Written by Rich Fiscus (Google+) @ 20 May 2008 13:12 User comments (11)

Comcast invests in P2P streaming startup Comcast is investing in a company developing a streaming video service that uses P2P technology. GridNetworks, based out of Seattle, is receiving an unspecified investment from Comcast and will be collaborating with the cable provider to make the service "friendly" to internet service providers.
In the wake of the recent controversy over their "network management," which effectively blocks a significant amount of P2P traffic, Comcast has apparently had a change of heart about how to handle subscribers who transfer a lot of data. No doubt the threat of FCC action and Net Neutrality legislation from Congress has played a part in their decision to support the creation of a so-called P2P "Bill Of Rights" and consider a new billing model with explicit monthly download limits.

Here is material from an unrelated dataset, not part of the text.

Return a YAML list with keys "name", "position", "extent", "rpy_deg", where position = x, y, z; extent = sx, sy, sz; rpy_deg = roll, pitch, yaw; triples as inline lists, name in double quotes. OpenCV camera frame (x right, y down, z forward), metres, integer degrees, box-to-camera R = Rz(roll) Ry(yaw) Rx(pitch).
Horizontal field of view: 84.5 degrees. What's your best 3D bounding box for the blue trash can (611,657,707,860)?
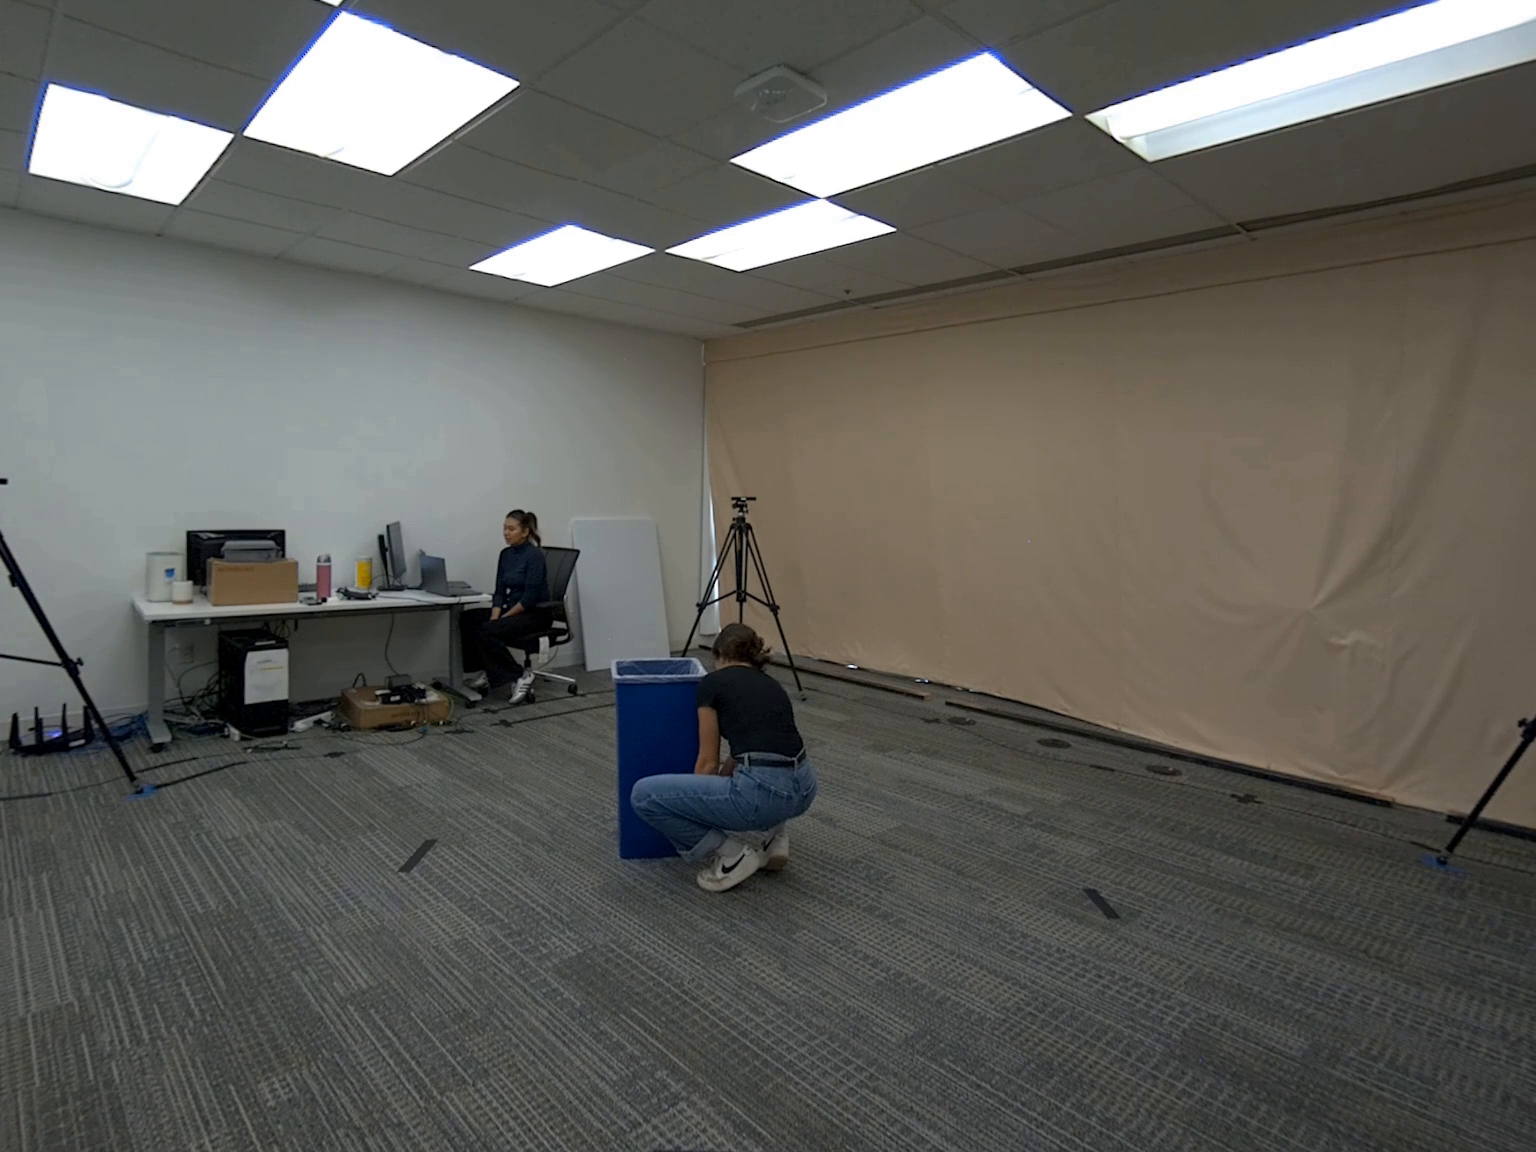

With the availability of online video growing steadily there's a clear oppurtunity for cable providers who also provide broadband internet service to branch out into the online market. You could argue that competition from services like Verizon's FiOS and AT&T's U-verse, combined with services like Netflix and iTunes, would make such a move a high priority simply to stay competitive.

At the same time, ISPs have to be careful about how they implement services that might compete with other activity on their network. Comcast executives have suggested in the past that P2P traffic is already significant enough to clog their network. In order for streaming video to be successful it would presumably need to be guaranteed a certain amount of that bandwidth during the same peak hours it's currently in short supply.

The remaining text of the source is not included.